Records to use: Begin

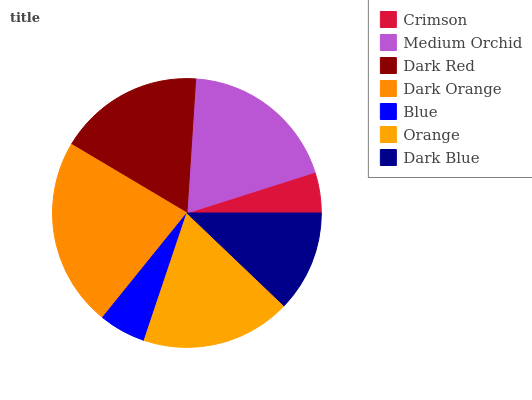Is Crimson the minimum?
Answer yes or no. Yes. Is Dark Orange the maximum?
Answer yes or no. Yes. Is Medium Orchid the minimum?
Answer yes or no. No. Is Medium Orchid the maximum?
Answer yes or no. No. Is Medium Orchid greater than Crimson?
Answer yes or no. Yes. Is Crimson less than Medium Orchid?
Answer yes or no. Yes. Is Crimson greater than Medium Orchid?
Answer yes or no. No. Is Medium Orchid less than Crimson?
Answer yes or no. No. Is Dark Red the high median?
Answer yes or no. Yes. Is Dark Red the low median?
Answer yes or no. Yes. Is Orange the high median?
Answer yes or no. No. Is Orange the low median?
Answer yes or no. No. 
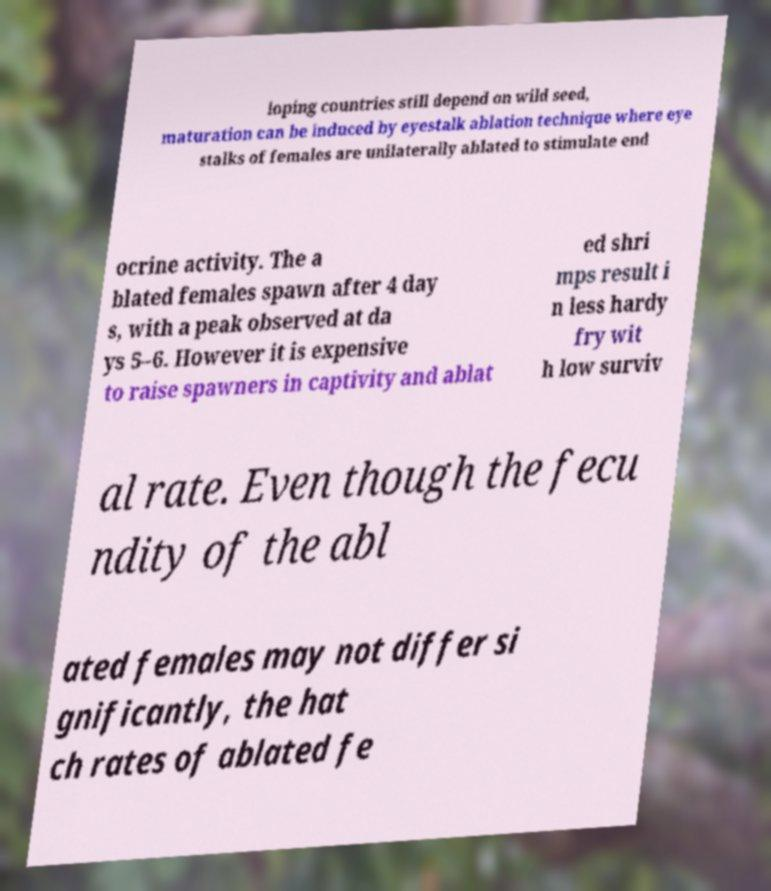Can you read and provide the text displayed in the image?This photo seems to have some interesting text. Can you extract and type it out for me? loping countries still depend on wild seed, maturation can be induced by eyestalk ablation technique where eye stalks of females are unilaterally ablated to stimulate end ocrine activity. The a blated females spawn after 4 day s, with a peak observed at da ys 5–6. However it is expensive to raise spawners in captivity and ablat ed shri mps result i n less hardy fry wit h low surviv al rate. Even though the fecu ndity of the abl ated females may not differ si gnificantly, the hat ch rates of ablated fe 
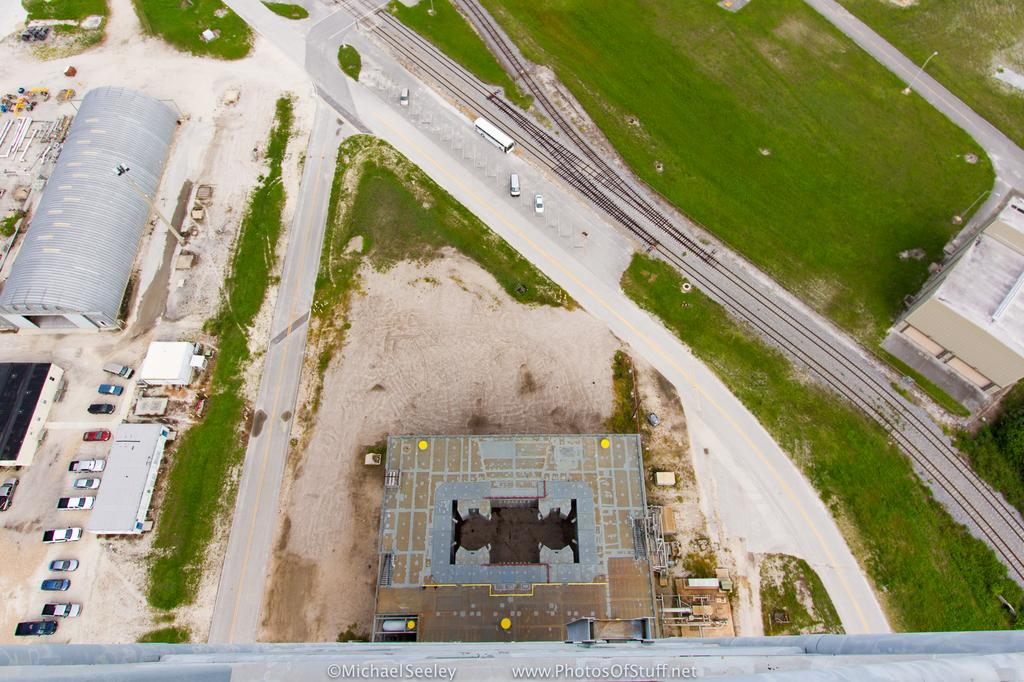What type of structures can be seen in the image? There are buildings in the image. What else is present in the image besides buildings? There are vehicles, trees, poles, and lights in the image. Can you describe the natural elements in the image? There are trees in the image. What type of infrastructure is present in the image? There are poles and lights in the image. What type of milk can be seen flowing from the faucet in the image? There is no faucet or milk present in the image. How many buns are visible on the table in the image? There is no table or buns present in the image.

Records to use: End

→ **Exercise requirements**: Output the data exactly, pictures omitted.

→ **Written response**:
Is Crimson the minimum?
Answer yes or no. Yes. Is Dark Orange the maximum?
Answer yes or no. Yes. Is Medium Orchid the minimum?
Answer yes or no. No. Is Medium Orchid the maximum?
Answer yes or no. No. Is Medium Orchid greater than Crimson?
Answer yes or no. Yes. Is Crimson less than Medium Orchid?
Answer yes or no. Yes. Is Crimson greater than Medium Orchid?
Answer yes or no. No. Is Medium Orchid less than Crimson?
Answer yes or no. No. Is Dark Red the high median?
Answer yes or no. Yes. Is Dark Red the low median?
Answer yes or no. Yes. Is Orange the high median?
Answer yes or no. No. Is Orange the low median?
Answer yes or no. No. 
Can you read and provide the text displayed in the image?This photo seems to have some interesting text. Can you extract and type it out for me? loping countries still depend on wild seed, maturation can be induced by eyestalk ablation technique where eye stalks of females are unilaterally ablated to stimulate end ocrine activity. The a blated females spawn after 4 day s, with a peak observed at da ys 5–6. However it is expensive to raise spawners in captivity and ablat ed shri mps result i n less hardy fry wit h low surviv al rate. Even though the fecu ndity of the abl ated females may not differ si gnificantly, the hat ch rates of ablated fe 
What type of structures can be seen in the image? There are buildings in the image. What else is present in the image besides buildings? There are vehicles, trees, poles, and lights in the image. Can you describe the natural elements in the image? There are trees in the image. What type of infrastructure is present in the image? There are poles and lights in the image. What type of milk can be seen flowing from the faucet in the image? There is no faucet or milk present in the image. How many buns are visible on the table in the image? There is no table or buns present in the image.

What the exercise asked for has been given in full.